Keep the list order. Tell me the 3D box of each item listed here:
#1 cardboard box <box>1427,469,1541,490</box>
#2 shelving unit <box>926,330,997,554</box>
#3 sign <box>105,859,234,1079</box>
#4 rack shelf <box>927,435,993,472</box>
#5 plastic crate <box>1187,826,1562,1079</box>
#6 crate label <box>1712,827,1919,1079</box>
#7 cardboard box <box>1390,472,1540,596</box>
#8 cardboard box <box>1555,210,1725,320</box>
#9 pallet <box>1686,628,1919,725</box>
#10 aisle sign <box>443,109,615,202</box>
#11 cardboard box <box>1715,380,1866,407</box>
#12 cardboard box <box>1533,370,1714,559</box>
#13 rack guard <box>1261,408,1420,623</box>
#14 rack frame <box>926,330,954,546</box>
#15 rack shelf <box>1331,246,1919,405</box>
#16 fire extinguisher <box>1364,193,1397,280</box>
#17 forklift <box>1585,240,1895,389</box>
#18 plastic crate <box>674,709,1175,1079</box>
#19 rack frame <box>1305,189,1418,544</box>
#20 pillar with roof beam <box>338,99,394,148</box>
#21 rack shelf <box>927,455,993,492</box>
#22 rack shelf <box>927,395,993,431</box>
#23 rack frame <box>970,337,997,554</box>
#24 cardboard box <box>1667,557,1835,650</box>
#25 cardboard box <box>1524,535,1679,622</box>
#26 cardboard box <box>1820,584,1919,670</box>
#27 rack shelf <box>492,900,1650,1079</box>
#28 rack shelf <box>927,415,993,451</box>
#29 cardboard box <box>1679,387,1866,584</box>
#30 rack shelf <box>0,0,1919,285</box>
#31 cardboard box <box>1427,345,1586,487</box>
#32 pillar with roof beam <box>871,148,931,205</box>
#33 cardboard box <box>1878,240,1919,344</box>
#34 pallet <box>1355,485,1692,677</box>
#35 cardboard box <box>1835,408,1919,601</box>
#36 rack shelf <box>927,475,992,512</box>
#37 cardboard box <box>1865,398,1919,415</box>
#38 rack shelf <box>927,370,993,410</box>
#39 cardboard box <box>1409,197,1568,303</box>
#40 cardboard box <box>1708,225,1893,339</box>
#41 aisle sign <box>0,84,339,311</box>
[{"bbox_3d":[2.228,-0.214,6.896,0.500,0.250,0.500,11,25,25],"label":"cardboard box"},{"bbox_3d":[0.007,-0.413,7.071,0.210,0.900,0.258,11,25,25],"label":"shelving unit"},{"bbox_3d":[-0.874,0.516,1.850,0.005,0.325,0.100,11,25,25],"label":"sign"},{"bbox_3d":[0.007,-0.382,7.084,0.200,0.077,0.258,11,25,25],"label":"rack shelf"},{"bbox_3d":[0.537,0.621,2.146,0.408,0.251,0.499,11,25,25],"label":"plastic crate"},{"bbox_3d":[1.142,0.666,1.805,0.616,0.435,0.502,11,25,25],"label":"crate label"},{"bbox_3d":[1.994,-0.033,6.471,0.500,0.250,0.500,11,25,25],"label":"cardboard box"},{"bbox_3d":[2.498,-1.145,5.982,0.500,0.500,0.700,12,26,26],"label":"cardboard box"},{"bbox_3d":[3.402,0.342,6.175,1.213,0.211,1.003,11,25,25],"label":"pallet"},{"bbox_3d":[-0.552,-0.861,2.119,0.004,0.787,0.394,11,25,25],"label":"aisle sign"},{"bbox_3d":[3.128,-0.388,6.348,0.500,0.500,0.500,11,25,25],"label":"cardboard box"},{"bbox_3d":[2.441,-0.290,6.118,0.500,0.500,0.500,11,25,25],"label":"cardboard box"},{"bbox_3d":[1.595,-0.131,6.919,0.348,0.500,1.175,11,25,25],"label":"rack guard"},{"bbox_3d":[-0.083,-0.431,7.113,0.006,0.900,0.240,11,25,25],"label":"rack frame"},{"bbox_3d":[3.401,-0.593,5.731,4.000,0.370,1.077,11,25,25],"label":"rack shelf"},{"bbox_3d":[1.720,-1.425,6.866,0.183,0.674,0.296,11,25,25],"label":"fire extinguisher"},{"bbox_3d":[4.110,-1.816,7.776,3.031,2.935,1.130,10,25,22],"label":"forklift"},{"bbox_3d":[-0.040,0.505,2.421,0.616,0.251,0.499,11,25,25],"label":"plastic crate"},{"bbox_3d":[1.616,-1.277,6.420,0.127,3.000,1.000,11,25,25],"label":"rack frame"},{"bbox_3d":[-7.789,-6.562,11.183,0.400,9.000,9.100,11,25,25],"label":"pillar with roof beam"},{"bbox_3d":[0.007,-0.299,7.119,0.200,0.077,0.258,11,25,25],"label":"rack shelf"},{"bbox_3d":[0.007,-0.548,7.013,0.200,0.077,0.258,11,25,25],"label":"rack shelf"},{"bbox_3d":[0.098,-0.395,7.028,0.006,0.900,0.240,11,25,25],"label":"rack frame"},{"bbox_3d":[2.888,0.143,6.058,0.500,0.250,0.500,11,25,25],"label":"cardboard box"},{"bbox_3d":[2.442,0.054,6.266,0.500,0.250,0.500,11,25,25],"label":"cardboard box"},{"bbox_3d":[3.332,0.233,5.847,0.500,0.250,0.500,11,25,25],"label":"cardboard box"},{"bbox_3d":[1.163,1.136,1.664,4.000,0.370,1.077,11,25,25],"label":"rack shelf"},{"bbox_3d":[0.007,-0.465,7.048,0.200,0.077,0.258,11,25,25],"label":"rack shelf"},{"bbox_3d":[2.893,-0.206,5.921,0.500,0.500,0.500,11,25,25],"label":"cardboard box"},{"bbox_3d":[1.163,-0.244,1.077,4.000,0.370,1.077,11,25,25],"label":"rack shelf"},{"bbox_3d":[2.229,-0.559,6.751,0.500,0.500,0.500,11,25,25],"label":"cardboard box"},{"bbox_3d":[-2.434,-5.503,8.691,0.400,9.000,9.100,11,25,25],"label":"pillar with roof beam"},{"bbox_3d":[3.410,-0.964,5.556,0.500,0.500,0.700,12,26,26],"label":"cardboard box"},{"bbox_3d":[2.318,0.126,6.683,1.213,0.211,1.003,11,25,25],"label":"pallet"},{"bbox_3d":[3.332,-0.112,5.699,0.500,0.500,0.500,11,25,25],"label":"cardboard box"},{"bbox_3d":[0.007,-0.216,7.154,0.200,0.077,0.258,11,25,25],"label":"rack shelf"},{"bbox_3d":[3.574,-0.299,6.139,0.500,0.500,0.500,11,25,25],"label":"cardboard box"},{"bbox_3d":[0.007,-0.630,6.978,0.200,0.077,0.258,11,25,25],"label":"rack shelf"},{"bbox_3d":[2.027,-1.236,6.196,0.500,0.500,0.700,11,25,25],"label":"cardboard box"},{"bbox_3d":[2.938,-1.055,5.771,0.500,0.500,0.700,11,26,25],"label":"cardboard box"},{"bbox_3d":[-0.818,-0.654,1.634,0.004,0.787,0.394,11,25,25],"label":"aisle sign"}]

--

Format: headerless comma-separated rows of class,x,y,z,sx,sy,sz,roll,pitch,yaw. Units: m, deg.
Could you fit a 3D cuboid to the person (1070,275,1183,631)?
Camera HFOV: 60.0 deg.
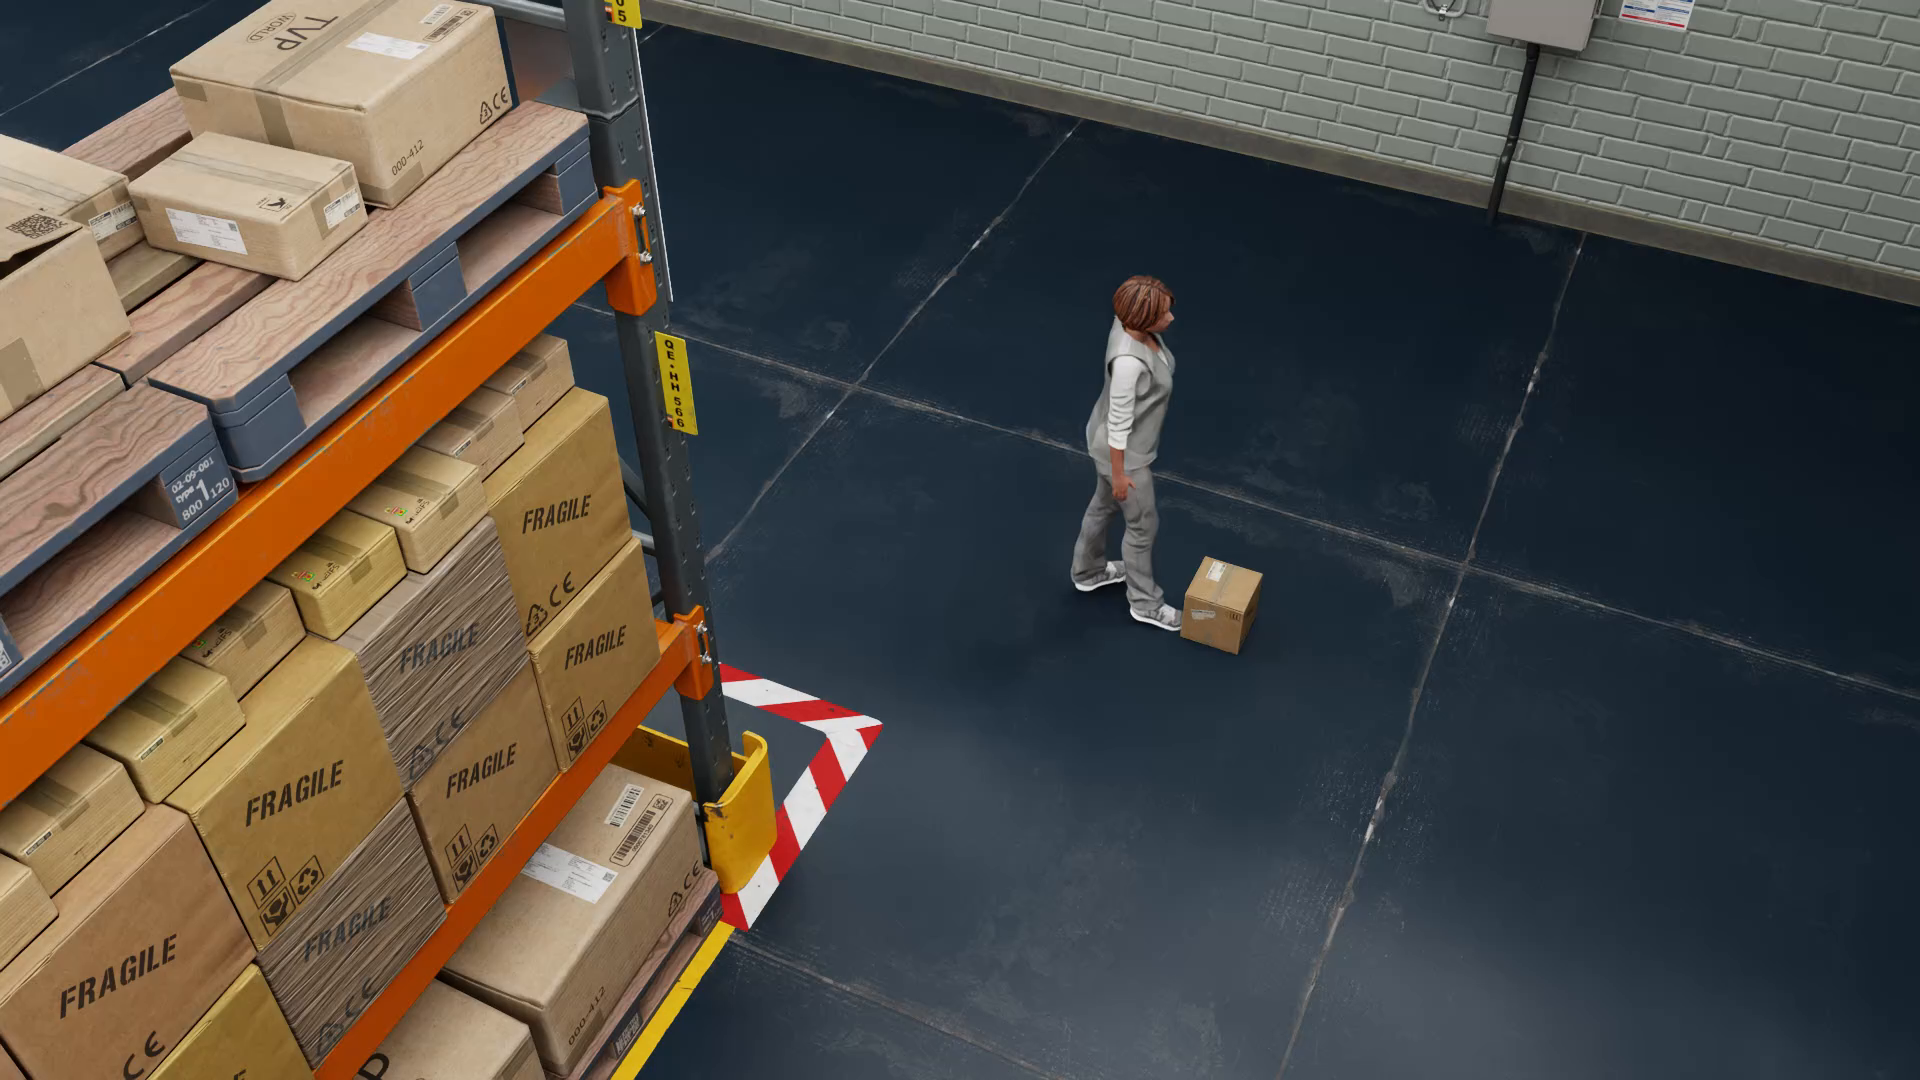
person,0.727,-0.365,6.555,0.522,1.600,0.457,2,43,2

Your assignment:
In the entries above, one line contains "#4 rack shelf <box>927,435,993,472</box>" and another contains "#12 cardboard box". Reproduce exactly those two lines and the lines between them, nothing else.

Solution for this problem:
#4 rack shelf <box>927,435,993,472</box>
#5 plastic crate <box>1187,826,1562,1079</box>
#6 crate label <box>1712,827,1919,1079</box>
#7 cardboard box <box>1390,472,1540,596</box>
#8 cardboard box <box>1555,210,1725,320</box>
#9 pallet <box>1686,628,1919,725</box>
#10 aisle sign <box>443,109,615,202</box>
#11 cardboard box <box>1715,380,1866,407</box>
#12 cardboard box <box>1533,370,1714,559</box>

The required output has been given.